LOVELAND, Colo., June 21, 2018 — The purpose of the Ultrasound Guidelines Council (UGC) is to ensure the quality of ultrasound data used by the beef industry for the genetic evaluation of carcass traits. UGC is responsible for the certification of the various combinations of ultrasound equipment and software (systems) used to collect and interpret ultrasound images. Additionally, UGC certifies the technicians charged with collection and interpretation.

Reports on UGC certification activities were presented during the 2018 Beef Improvement Federation Convention, hosted June 20-23 in Loveland, Colo. Making presentations to BIF’s End Product Improvement Subcommittee were J.R. Tait of Neogen GeneSeek and Patrick Wall of The CUP Lab LLC.

J.R. Tait of Neogen GeneSeek.

Tait, who chairs the UGC Systems Review Committee, explained how new system technologies are evaluated by scanning a minimum of 70 animals. Results are compared to chemically extracted fat data. For an added reference, a different and previously approved system is used to scan the same animals. According to Tait, the committee approved four new ultrasound machines representative of the trend toward smaller size and increased portability. Additional multiple hardware components and software packages were approved.

Patrick Wall of The CUP Lab LLC.

Patrick Wall, who serves as UGC’s new executive director, explained that to receive UGC field certification, ultrasound technicians must pass proficiency testing, including a written exam, and the collection of ultrasound images of the rump, rib and intramuscular fat. Twenty animals, varying in age, gender and condition are scanned. Breeding cattle as well as harvest cattle are represented. A technician must scan the same group of animals twice, in two separate sessions, to demonstrate the ability to collect good-quality images that are easy to interpret in the lab.
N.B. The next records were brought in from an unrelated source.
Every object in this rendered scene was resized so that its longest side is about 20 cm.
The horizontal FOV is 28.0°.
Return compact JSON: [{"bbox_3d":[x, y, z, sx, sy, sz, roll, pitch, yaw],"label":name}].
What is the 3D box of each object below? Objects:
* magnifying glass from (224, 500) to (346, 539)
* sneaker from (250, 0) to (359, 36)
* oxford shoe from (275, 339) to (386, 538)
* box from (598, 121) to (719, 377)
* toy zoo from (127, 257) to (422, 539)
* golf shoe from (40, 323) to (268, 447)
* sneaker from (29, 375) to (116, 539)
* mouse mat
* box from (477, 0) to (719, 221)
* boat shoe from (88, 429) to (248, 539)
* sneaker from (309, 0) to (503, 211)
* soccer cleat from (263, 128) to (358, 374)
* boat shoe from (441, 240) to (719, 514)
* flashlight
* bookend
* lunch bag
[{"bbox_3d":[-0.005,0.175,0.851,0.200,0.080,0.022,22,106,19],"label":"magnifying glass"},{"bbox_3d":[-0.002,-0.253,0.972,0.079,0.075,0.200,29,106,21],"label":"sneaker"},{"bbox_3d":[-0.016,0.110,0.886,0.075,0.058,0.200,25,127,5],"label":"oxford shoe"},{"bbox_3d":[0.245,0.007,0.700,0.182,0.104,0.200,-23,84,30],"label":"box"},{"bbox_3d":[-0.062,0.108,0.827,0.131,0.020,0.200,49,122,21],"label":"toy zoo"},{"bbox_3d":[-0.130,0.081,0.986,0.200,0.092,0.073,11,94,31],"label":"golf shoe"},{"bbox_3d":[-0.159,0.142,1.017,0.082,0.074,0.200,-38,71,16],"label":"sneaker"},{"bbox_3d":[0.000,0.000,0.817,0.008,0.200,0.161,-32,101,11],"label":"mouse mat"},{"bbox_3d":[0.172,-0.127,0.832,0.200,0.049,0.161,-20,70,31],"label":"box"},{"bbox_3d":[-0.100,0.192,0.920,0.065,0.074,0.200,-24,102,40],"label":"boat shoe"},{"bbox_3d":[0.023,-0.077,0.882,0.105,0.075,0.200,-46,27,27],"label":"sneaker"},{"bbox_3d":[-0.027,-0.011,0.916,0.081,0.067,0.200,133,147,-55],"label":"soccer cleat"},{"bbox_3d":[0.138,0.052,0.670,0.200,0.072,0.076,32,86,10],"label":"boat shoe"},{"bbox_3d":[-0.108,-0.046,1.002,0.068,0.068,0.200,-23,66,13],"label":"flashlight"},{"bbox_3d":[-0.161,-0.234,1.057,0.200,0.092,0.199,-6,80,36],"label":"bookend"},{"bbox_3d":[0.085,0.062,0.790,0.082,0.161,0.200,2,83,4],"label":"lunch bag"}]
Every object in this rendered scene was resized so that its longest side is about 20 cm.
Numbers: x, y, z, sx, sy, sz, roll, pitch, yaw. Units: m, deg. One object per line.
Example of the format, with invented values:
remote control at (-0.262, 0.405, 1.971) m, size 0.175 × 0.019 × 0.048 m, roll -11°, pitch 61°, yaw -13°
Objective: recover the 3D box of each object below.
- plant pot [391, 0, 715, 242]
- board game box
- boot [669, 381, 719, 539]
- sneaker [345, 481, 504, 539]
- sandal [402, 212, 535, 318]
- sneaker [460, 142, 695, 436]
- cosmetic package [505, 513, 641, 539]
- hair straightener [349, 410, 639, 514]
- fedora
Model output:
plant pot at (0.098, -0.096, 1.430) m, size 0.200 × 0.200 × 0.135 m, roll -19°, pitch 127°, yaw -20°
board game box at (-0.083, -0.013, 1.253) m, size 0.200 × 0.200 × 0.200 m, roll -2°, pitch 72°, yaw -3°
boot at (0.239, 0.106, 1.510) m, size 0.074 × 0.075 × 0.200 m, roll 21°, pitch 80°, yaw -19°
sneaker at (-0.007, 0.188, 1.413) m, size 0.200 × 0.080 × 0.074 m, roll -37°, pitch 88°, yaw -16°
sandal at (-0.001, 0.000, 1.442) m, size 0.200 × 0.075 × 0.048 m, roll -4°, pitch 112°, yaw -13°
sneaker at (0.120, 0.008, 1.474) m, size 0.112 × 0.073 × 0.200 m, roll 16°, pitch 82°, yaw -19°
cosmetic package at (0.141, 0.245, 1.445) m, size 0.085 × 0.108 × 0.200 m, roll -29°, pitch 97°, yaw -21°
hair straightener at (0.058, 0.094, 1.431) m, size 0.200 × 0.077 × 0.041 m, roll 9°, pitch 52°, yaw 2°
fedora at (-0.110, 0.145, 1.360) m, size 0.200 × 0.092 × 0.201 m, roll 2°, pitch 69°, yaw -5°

According to Wall, lab technicians typically must be proficient with more than one type of system and are tested accordingly.

“Carcass ultrasound is the most highly vetted set of raw data submitted for use in genetic evaluation, and the only set submitted by an unbiased third-party source,” said Wall, adding that the technology used to collect ultrasound images “is getting faster, more accurate and cheaper."